La conoscenza, ad esempio, procedeva individuo per individuo evitando generalizzazioni, astrazioni, etichette: il contadino uccideva le volpi e le faine che gli procuravano danno, ma non aveva nella mente l’idea di animale nocivo. Anzi, andava oltre: per una tradizione che si conosce già nel Medio Evo lasciava di proposito nei campi durante le raccolte, sulle piante, sopra le viti, qualche spiga, qualche frutto, qualche grappolo destinati a chi aveva fame, ma soprattutto agli animali, come gli uccelli, in modo che si potessero sfamare, soprattutto all’arrivo del freddo. Allorché insetti, topi, talpe infestavano i campi, si chiamavano stregoni e incantatori, e anche i parroci per le benedizioni. Ma se si va a vedere nel vecchio Rituale la formula di tale esorcismo, si trova che non si chiede a Dio lo sterminio di questi animali, ma semplicemente l’allontanamento: che se ne vadano altrove, dove non possano fare danno.

Questo rispetto nei confronti della natura non l’abbiamo più: la logica economica impone di maciullare con le ruote dei trattori l’eccedenza di prodotti, di frutta che potrebbe abbassare i prezzi, costringe a bruciare il caffè, destinare i cereali alla produzione di combustibile.

Anche l’insegnamento della Scuola di Francoforte, sulla strada tracciata da Freud nel Disagio della civiltà, non è valso a nulla. Diceva semplicemente: più l’uomo acquista in benessere, in utile, più perde in libertà e in valori. Se ne discusse a lungo, contestando la società dei consumi. La contestazione aveva anche questa tra le sue verità, ma non ha inciso minimamente nei comportamenti. La difesa dell’ambiente ha prodotto l’industria della difesa dell’ambiente.

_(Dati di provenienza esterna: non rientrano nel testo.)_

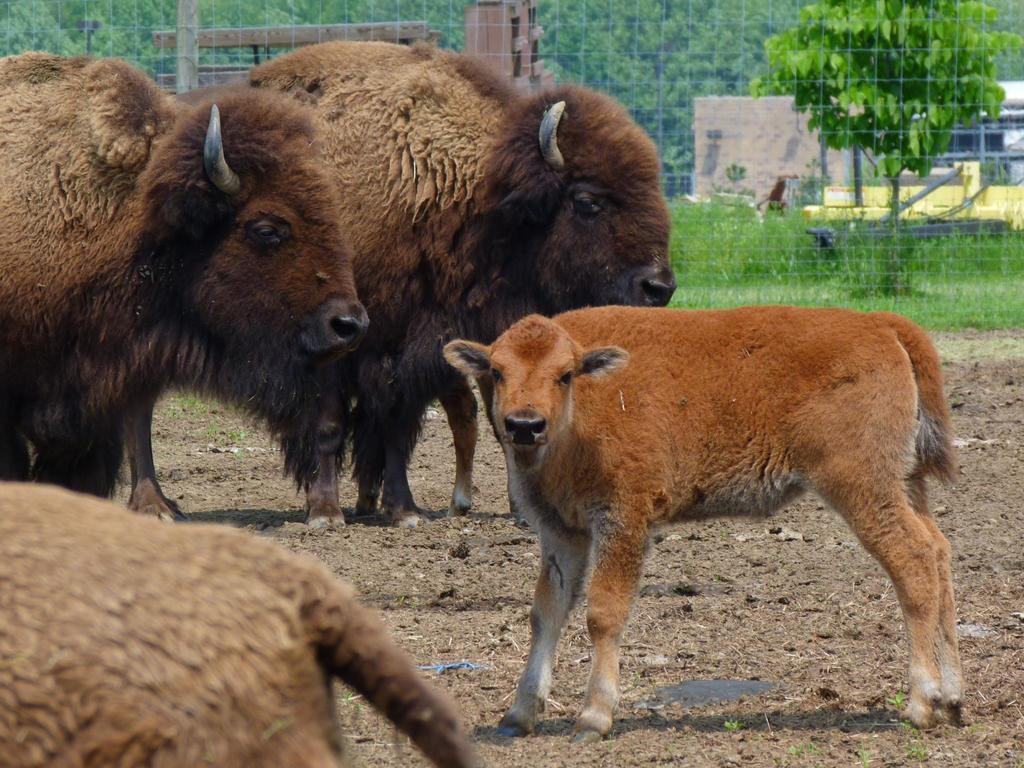What animals can be seen on the ground in the image? There are bisons on the ground in the image. Can you describe the baby bison in the image? There is a baby bison in the right corner of the image. What is located at the back of the image? There is a fencing at the back of the image. What type of vegetation is present in the image? There are trees and grass in the image. What type of sticks are being exchanged between the bisons in the image? There are no sticks present in the image, nor is there is there any indication of an exchange between the bisons.

De La gabbia matta si può dire che sia un antidoto coraggioso rispetto alla spropositata dimensione del fenomeno, contro l’estraniazione dell’uomo da mondo. Nella cultura sommersa c’era un collegamento in una sola vita degli aspetti polimorfi della manifestazione: l’operazione più importante dopo quella di imporre il nome alle cose. Ecco quello che stiamo distruggendo ponendo l’utile come fine assoluto: prima di depauperare il mondo con le devastazioni, spegneremo la luce che brilla in ogni creatura, la favilla che illumina ogni uomo che viene nel mondo, trasformando il mondo in una gelida palude d’indifferenza.